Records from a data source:
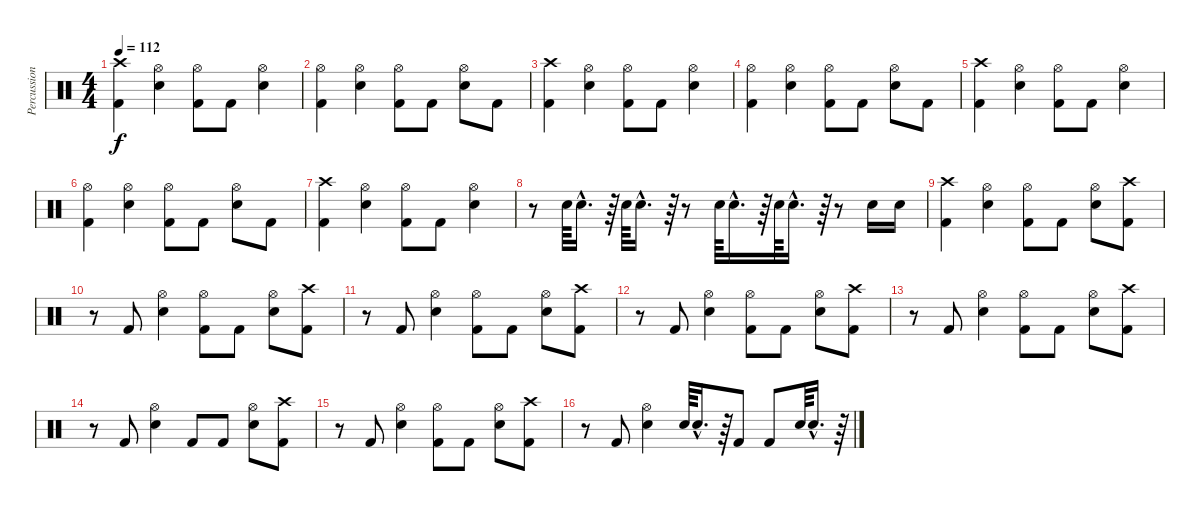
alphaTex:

\track ("Percussion" "Percussion") {instrument percussion}
\staff {score}
\articulation defaults
\ts (4 4)
\tempo 112
\clef neutral
\ks c
("Crash high (hit)" "Kick (hit) 2").4{dy f} ("Hi-Hat (open)" "Snare (hit) 2").4 ("Hi-Hat (open)" "Kick (hit) 2").8 "Kick (hit) 2".8 ("Hi-Hat (open)" "Snare (hit) 2").4 |
("Hi-Hat (open)" "Kick (hit) 2").4 ("Hi-Hat (open)" "Snare (hit) 2").4 ("Hi-Hat (open)" "Kick (hit) 2").8 "Kick (hit) 2".8 ("Hi-Hat (open)" "Snare (hit) 2").8 "Kick (hit) 2".8 |
("Crash high (hit)" "Kick (hit) 2").4 ("Hi-Hat (open)" "Snare (hit) 2").4 ("Hi-Hat (open)" "Kick (hit) 2").8 "Kick (hit) 2".8 ("Hi-Hat (open)" "Snare (hit) 2").4 |
("Hi-Hat (open)" "Kick (hit) 2").4 ("Hi-Hat (open)" "Snare (hit) 2").4 ("Hi-Hat (open)" "Kick (hit) 2").8 "Kick (hit) 2".8 ("Hi-Hat (open)" "Snare (hit) 2").8 "Kick (hit) 2".8 |
("Crash high (hit)" "Kick (hit) 2").4 ("Hi-Hat (open)" "Snare (hit) 2").4 ("Hi-Hat (open)" "Kick (hit) 2").8 "Kick (hit) 2".8 ("Hi-Hat (open)" "Snare (hit) 2").4 |
("Hi-Hat (open)" "Kick (hit) 2").4 ("Hi-Hat (open)" "Snare (hit) 2").4 ("Hi-Hat (open)" "Kick (hit) 2").8 "Kick (hit) 2".8 ("Hi-Hat (open)" "Snare (hit) 2").8 "Kick (hit) 2".8 |
("Crash high (hit)" "Kick (hit) 2").4 ("Hi-Hat (open)" "Snare (hit) 2").4 ("Hi-Hat (open)" "Kick (hit) 2").8 "Kick (hit) 2".8 ("Hi-Hat (open)" "Snare (hit) 2").4 |
r.8 "Snare (hit) 2".64 "Snare (hit) 2"{hac}.16{d} r.64 "Snare (hit) 2".64 "Snare (hit) 2"{hac}.16{d} r.64 r.8 "Snare (hit) 2".64 "Snare (hit) 2"{hac}.16{d} r.64 "Snare (hit) 2".64 "Snare (hit) 2"{hac}.16{d} r.64 r.8 "Snare (hit) 2".16 "Snare (hit) 2".16 |
("Crash high (hit)" "Kick (hit) 2").4 ("Hi-Hat (open)" "Snare (hit) 2").4 ("Hi-Hat (open)" "Kick (hit) 2").8 "Kick (hit) 2".8 ("Hi-Hat (open)" "Snare (hit) 2").8 ("Crash high (hit)" "Kick (hit) 2").8 |
r.8 "Kick (hit) 2".8 ("Hi-Hat (open)" "Snare (hit) 2").4 ("Hi-Hat (open)" "Kick (hit) 2").8 "Kick (hit) 2".8 ("Hi-Hat (open)" "Snare (hit) 2").8 ("Crash high (hit)" "Kick (hit) 2").8 |
r.8 "Kick (hit) 2".8 ("Hi-Hat (open)" "Snare (hit) 2").4 ("Hi-Hat (open)" "Kick (hit) 2").8 "Kick (hit) 2".8 ("Hi-Hat (open)" "Snare (hit) 2").8 ("Crash high (hit)" "Kick (hit) 2").8 |
r.8 "Kick (hit) 2".8 ("Hi-Hat (open)" "Snare (hit) 2").4 ("Hi-Hat (open)" "Kick (hit) 2").8 "Kick (hit) 2".8 ("Hi-Hat (open)" "Snare (hit) 2").8 ("Crash high (hit)" "Kick (hit) 2").8 |
r.8 "Kick (hit) 2".8 ("Hi-Hat (open)" "Snare (hit) 2").4 ("Hi-Hat (open)" "Kick (hit) 2").8 "Kick (hit) 2".8 ("Hi-Hat (open)" "Snare (hit) 2").8 ("Crash high (hit)" "Kick (hit) 2").8 |
r.8 "Kick (hit) 2".8 ("Hi-Hat (open)" "Snare (hit) 2").4 "Kick (hit) 2".8 "Kick (hit) 2".8 ("Hi-Hat (open)" "Snare (hit) 2").8 ("Crash high (hit)" "Kick (hit) 2").8 |
r.8 "Kick (hit) 2".8 ("Hi-Hat (open)" "Snare (hit) 2").4 ("Hi-Hat (open)" "Kick (hit) 2").8 "Kick (hit) 2".8 ("Hi-Hat (open)" "Snare (hit) 2").8 ("Crash high (hit)" "Kick (hit) 2").8 |
r.8 "Kick (hit) 2".8 ("Hi-Hat (open)" "Snare (hit) 2").4 "Snare (hit) 2".64 "Snare (hit) 2"{hac}.16{d} r.64 "Kick (hit) 2".8 "Kick (hit) 2".8 "Snare (hit) 2".64 "Snare (hit) 2"{hac}.16{d} r.64

> **Exercise prompt**
Take each line from the records and copy it unchanged, leaving images out.

> **Solution to this exercise**
alphaTex:

\track ("Percussion" "Percussion") {instrument percussion}
\staff {score}
\articulation defaults
\ts (4 4)
\tempo 112
\clef neutral
\ks c
("Crash high (hit)" "Kick (hit) 2").4{dy f} ("Hi-Hat (open)" "Snare (hit) 2").4 ("Hi-Hat (open)" "Kick (hit) 2").8 "Kick (hit) 2".8 ("Hi-Hat (open)" "Snare (hit) 2").4 |
("Hi-Hat (open)" "Kick (hit) 2").4 ("Hi-Hat (open)" "Snare (hit) 2").4 ("Hi-Hat (open)" "Kick (hit) 2").8 "Kick (hit) 2".8 ("Hi-Hat (open)" "Snare (hit) 2").8 "Kick (hit) 2".8 |
("Crash high (hit)" "Kick (hit) 2").4 ("Hi-Hat (open)" "Snare (hit) 2").4 ("Hi-Hat (open)" "Kick (hit) 2").8 "Kick (hit) 2".8 ("Hi-Hat (open)" "Snare (hit) 2").4 |
("Hi-Hat (open)" "Kick (hit) 2").4 ("Hi-Hat (open)" "Snare (hit) 2").4 ("Hi-Hat (open)" "Kick (hit) 2").8 "Kick (hit) 2".8 ("Hi-Hat (open)" "Snare (hit) 2").8 "Kick (hit) 2".8 |
("Crash high (hit)" "Kick (hit) 2").4 ("Hi-Hat (open)" "Snare (hit) 2").4 ("Hi-Hat (open)" "Kick (hit) 2").8 "Kick (hit) 2".8 ("Hi-Hat (open)" "Snare (hit) 2").4 |
("Hi-Hat (open)" "Kick (hit) 2").4 ("Hi-Hat (open)" "Snare (hit) 2").4 ("Hi-Hat (open)" "Kick (hit) 2").8 "Kick (hit) 2".8 ("Hi-Hat (open)" "Snare (hit) 2").8 "Kick (hit) 2".8 |
("Crash high (hit)" "Kick (hit) 2").4 ("Hi-Hat (open)" "Snare (hit) 2").4 ("Hi-Hat (open)" "Kick (hit) 2").8 "Kick (hit) 2".8 ("Hi-Hat (open)" "Snare (hit) 2").4 |
r.8 "Snare (hit) 2".64 "Snare (hit) 2"{hac}.16{d} r.64 "Snare (hit) 2".64 "Snare (hit) 2"{hac}.16{d} r.64 r.8 "Snare (hit) 2".64 "Snare (hit) 2"{hac}.16{d} r.64 "Snare (hit) 2".64 "Snare (hit) 2"{hac}.16{d} r.64 r.8 "Snare (hit) 2".16 "Snare (hit) 2".16 |
("Crash high (hit)" "Kick (hit) 2").4 ("Hi-Hat (open)" "Snare (hit) 2").4 ("Hi-Hat (open)" "Kick (hit) 2").8 "Kick (hit) 2".8 ("Hi-Hat (open)" "Snare (hit) 2").8 ("Crash high (hit)" "Kick (hit) 2").8 |
r.8 "Kick (hit) 2".8 ("Hi-Hat (open)" "Snare (hit) 2").4 ("Hi-Hat (open)" "Kick (hit) 2").8 "Kick (hit) 2".8 ("Hi-Hat (open)" "Snare (hit) 2").8 ("Crash high (hit)" "Kick (hit) 2").8 |
r.8 "Kick (hit) 2".8 ("Hi-Hat (open)" "Snare (hit) 2").4 ("Hi-Hat (open)" "Kick (hit) 2").8 "Kick (hit) 2".8 ("Hi-Hat (open)" "Snare (hit) 2").8 ("Crash high (hit)" "Kick (hit) 2").8 |
r.8 "Kick (hit) 2".8 ("Hi-Hat (open)" "Snare (hit) 2").4 ("Hi-Hat (open)" "Kick (hit) 2").8 "Kick (hit) 2".8 ("Hi-Hat (open)" "Snare (hit) 2").8 ("Crash high (hit)" "Kick (hit) 2").8 |
r.8 "Kick (hit) 2".8 ("Hi-Hat (open)" "Snare (hit) 2").4 ("Hi-Hat (open)" "Kick (hit) 2").8 "Kick (hit) 2".8 ("Hi-Hat (open)" "Snare (hit) 2").8 ("Crash high (hit)" "Kick (hit) 2").8 |
r.8 "Kick (hit) 2".8 ("Hi-Hat (open)" "Snare (hit) 2").4 "Kick (hit) 2".8 "Kick (hit) 2".8 ("Hi-Hat (open)" "Snare (hit) 2").8 ("Crash high (hit)" "Kick (hit) 2").8 |
r.8 "Kick (hit) 2".8 ("Hi-Hat (open)" "Snare (hit) 2").4 ("Hi-Hat (open)" "Kick (hit) 2").8 "Kick (hit) 2".8 ("Hi-Hat (open)" "Snare (hit) 2").8 ("Crash high (hit)" "Kick (hit) 2").8 |
r.8 "Kick (hit) 2".8 ("Hi-Hat (open)" "Snare (hit) 2").4 "Snare (hit) 2".64 "Snare (hit) 2"{hac}.16{d} r.64 "Kick (hit) 2".8 "Kick (hit) 2".8 "Snare (hit) 2".64 "Snare (hit) 2"{hac}.16{d} r.64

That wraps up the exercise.